SiteMaps.use(MyAdapter) do
configure do |config|
# ...
config.api_key = "my-api-key"
end
process do |s|
# Add sitemap links
end
end
CLI
You can use the CLI to generate the sitemap. The CLI will load the configuration file and run the sitemap generation.
bundle exec site_maps generate --config-file config/sitemap.rb
To enqueue dynamic processes, you can pass the process name with the context values.
bundle exec site_maps generate monthly_posts \
--config-file config/sitemap.rb \
--context=year:2021 month:1
Enqueue dynamic + remaining processes
bundle exec site_maps generate monthly_posts \
--config-file config/sitemap.rb \
--context=year:2021 month:1 \
--enqueue-remaining
passing max threads to run the processes in parallel
bundle exec site_maps generate \
--config-file config/sitemap.rb \
--max-threads 10
Notification
You can subscribe to the internal events to receive notifications about the sitemap generation. The following events are available:
-
sitemaps.enqueue_process
- Triggered when a process is enqueued. -
sitemaps.before_process_execution
- Triggered before a process starts execution -
sitemaps.process_execution
- Triggered when a process finishes execution. -
sitemaps.finalize_urlset
- Triggered when the sitemap builder finishes the URL set.

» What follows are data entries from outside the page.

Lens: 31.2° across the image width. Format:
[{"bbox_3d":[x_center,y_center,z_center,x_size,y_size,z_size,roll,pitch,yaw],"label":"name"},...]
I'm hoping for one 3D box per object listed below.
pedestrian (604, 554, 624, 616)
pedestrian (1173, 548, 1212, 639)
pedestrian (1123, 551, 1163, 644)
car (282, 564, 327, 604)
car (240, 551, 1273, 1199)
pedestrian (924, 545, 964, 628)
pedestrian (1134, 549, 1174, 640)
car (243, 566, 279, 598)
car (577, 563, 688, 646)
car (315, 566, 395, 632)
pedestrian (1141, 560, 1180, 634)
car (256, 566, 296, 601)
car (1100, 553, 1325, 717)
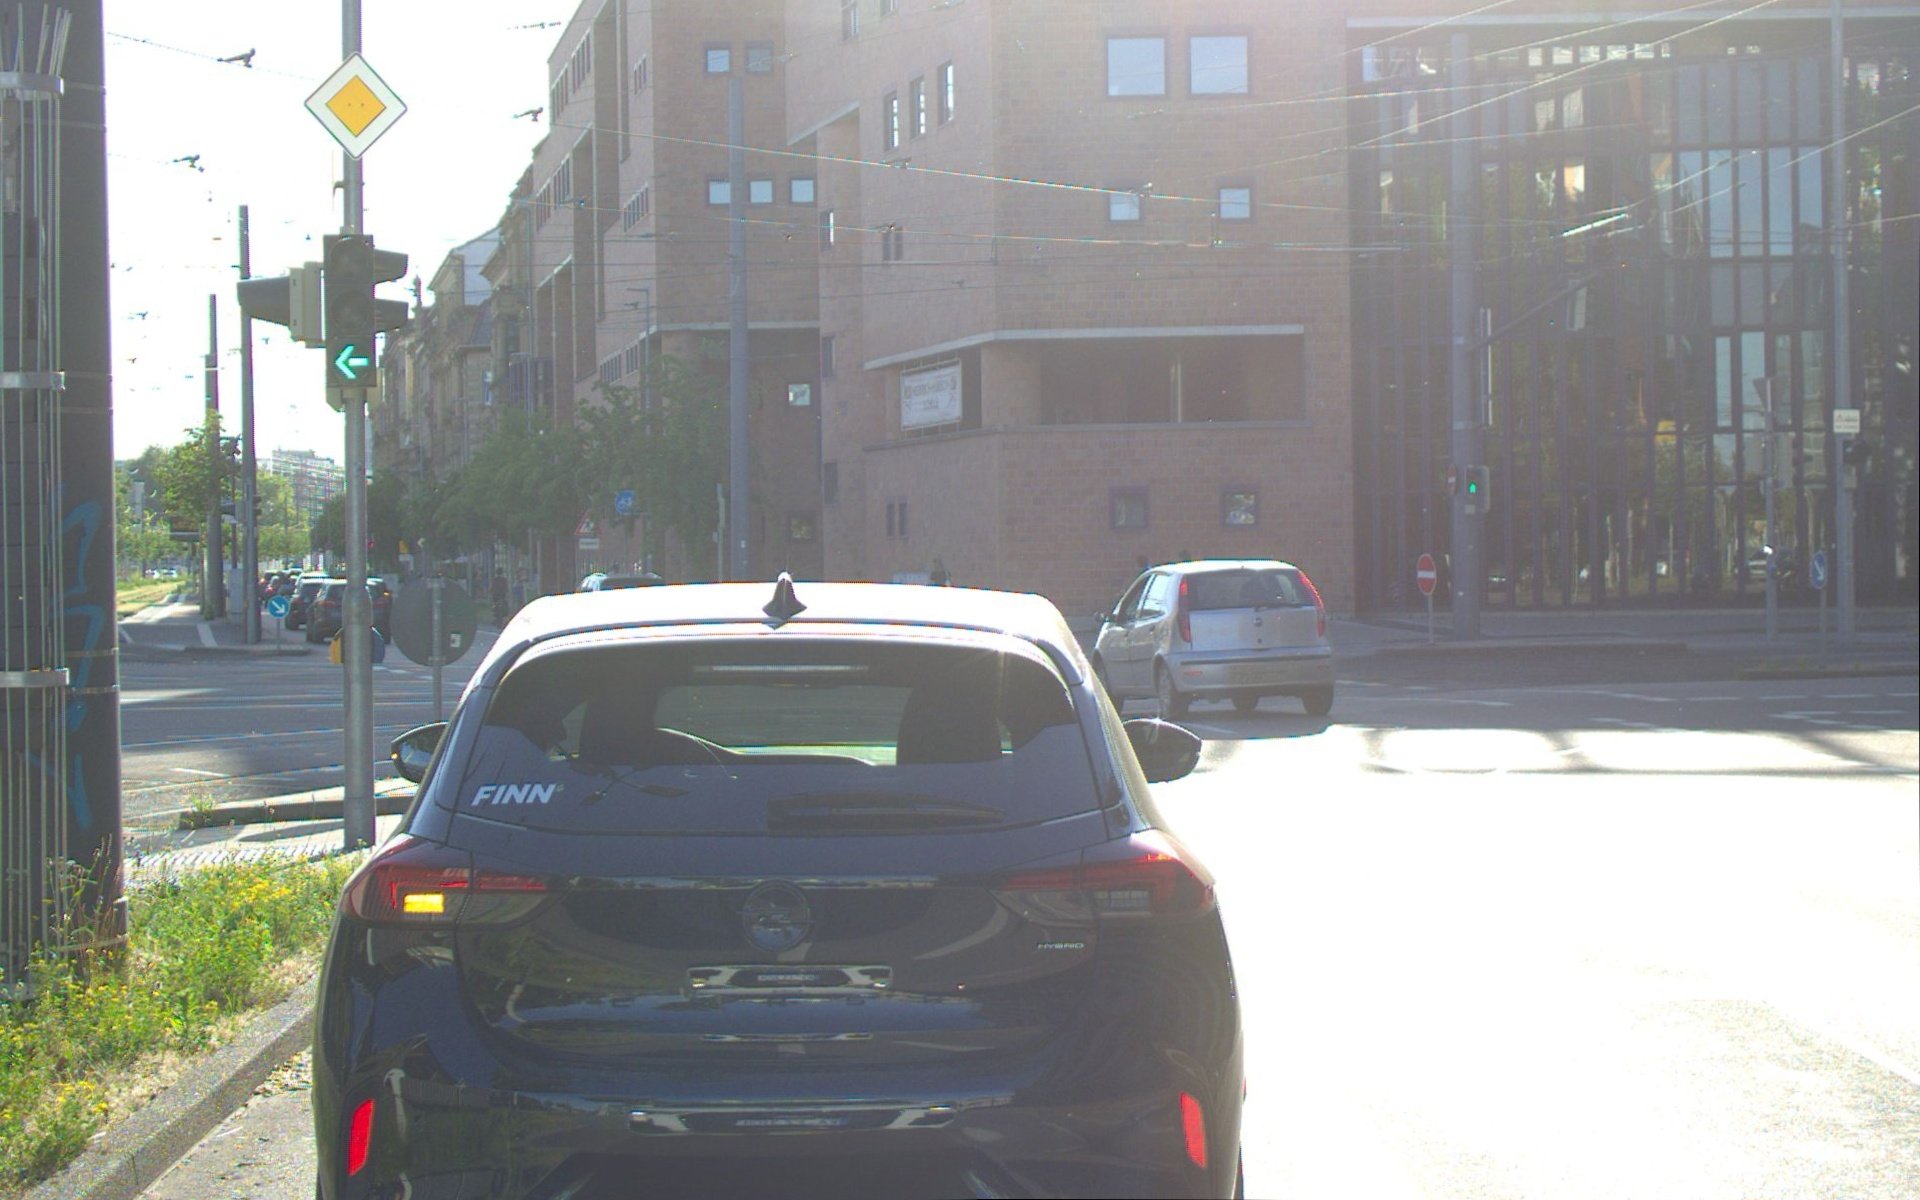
[{"bbox_3d":[-10.252,-0.442,101.817,0.547,1.780,0.573,-1,3,-8],"label":"pedestrian"},{"bbox_3d":[4.636,-0.131,68.585,0.571,1.780,0.549,-2,1,-19],"label":"pedestrian"},{"bbox_3d":[3.572,-0.054,67.164,0.571,1.780,0.549,-2,1,-19],"label":"pedestrian"},{"bbox_3d":[-25.081,-0.610,131.440,1.514,1.448,3.585,-2,1,-13],"label":"car"},{"bbox_3d":[-0.353,0.654,7.443,1.672,1.496,3.691,1,1,-1],"label":"car"},{"bbox_3d":[-0.345,-0.296,74.976,0.640,1.780,0.688,-2,1,-18],"label":"pedestrian"},{"bbox_3d":[3.825,-0.106,67.888,0.571,1.780,0.549,-2,1,-19],"label":"pedestrian"},{"bbox_3d":[-33.018,-0.878,162.435,1.514,1.448,3.585,-2,1,-13],"label":"car"},{"bbox_3d":[-6.118,0.064,63.946,1.670,1.448,3.699,-2,1,-11],"label":"car"},{"bbox_3d":[-14.139,-0.034,80.184,1.720,1.448,3.699,-2,1,-11],"label":"car"},{"bbox_3d":[4.047,-0.071,69.469,0.547,1.472,0.573,-2,2,-29],"label":"pedestrian"},{"bbox_3d":[-29.446,-0.707,147.946,1.514,1.448,3.585,-2,1,-13],"label":"car"},{"bbox_3d":[2.361,0.293,32.878,1.559,1.451,3.432,-1,1,-6],"label":"car"}]

You can subscribe to the events using the following code:
SiteMaps::Notification.subscribe("sitemaps.enqueue_process") do |event|
puts "Enqueueing process #{event.payload[:name]}"
end
We have the standard event handler SiteMaps::Runner::EventListener
that will print the events to the standard output. You can use it to view the progress of the sitemap generation.

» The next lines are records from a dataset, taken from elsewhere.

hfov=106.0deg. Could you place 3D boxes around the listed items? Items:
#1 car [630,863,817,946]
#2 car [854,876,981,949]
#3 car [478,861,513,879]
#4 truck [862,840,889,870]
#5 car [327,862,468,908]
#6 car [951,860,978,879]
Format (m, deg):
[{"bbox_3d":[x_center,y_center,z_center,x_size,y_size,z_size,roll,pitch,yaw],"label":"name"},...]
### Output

SiteMaps::Notification.subscribe(SiteMaps::Runner::EventListener)
SiteMaps.generate(config_file: "config/sitemap.rb")
.enqueue_all
.run
Mixins
You can use mixins to extend the sitemap builder with additional methods. The mixins can be used to define common methods that will be used in multiple processes.
module MyMixin
def repository
Repository.new
end
def post_path(post)
"/posts/#{post.slug}"
end
end
SiteMaps.use(:file_system) do
extend_processes_with(MyMixin)
process do |s|
s.repository.posts.each do |post|
s.add(s.post_path(post), priority: 0.8)
end
end
end
We already have a built-in mixin for Rails applications that provides the url helpers through the route
method.
process do |s|
s.add(s.route.root_path, priority: 1.0)
s.add(s.route.about_path, priority: 0.9)
end
end
Development
After checking out the repo, run bin/setup
to install dependencies. You can also run bin/console
for an interactive prompt that will allow you to experiment.

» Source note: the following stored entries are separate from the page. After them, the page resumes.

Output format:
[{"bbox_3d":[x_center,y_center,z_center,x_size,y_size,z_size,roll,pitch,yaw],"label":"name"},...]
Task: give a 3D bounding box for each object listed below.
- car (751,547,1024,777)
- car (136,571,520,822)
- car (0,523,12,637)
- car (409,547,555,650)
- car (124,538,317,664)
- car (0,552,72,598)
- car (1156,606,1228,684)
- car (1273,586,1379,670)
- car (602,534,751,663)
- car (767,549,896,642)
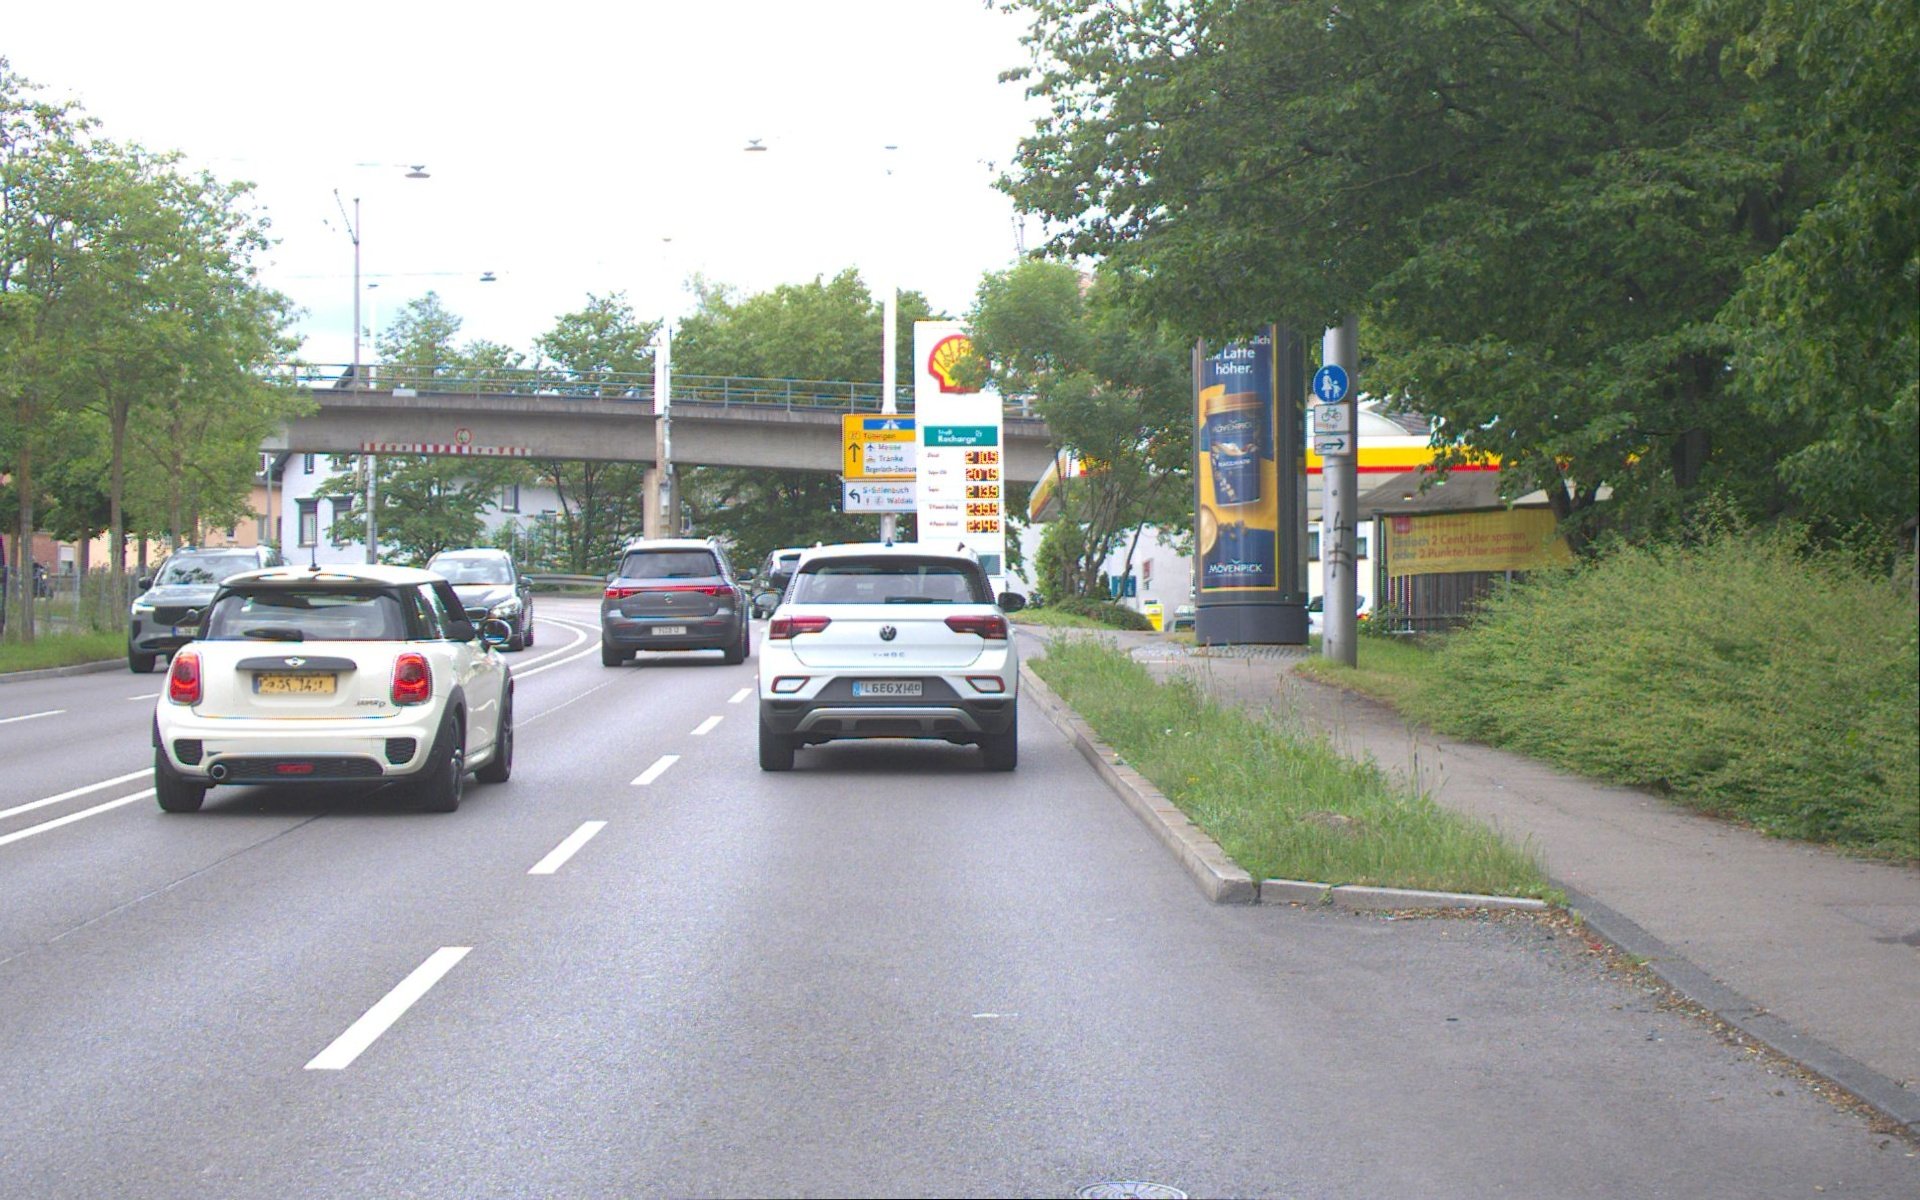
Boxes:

To install this gem onto your local machine, run bundle exec rake install
. To release a new version, update the version number in version.rb
, and then run bundle exec rake release
, which will create a git tag for the version, push git commits and tags, and push the .gem
file to rubygems.org.
Contributing
Bug reports and pull requests are welcome on GitHub at https://github.com/marcosgz/site_maps.
License
The gem is available as open source under the terms of the MIT License.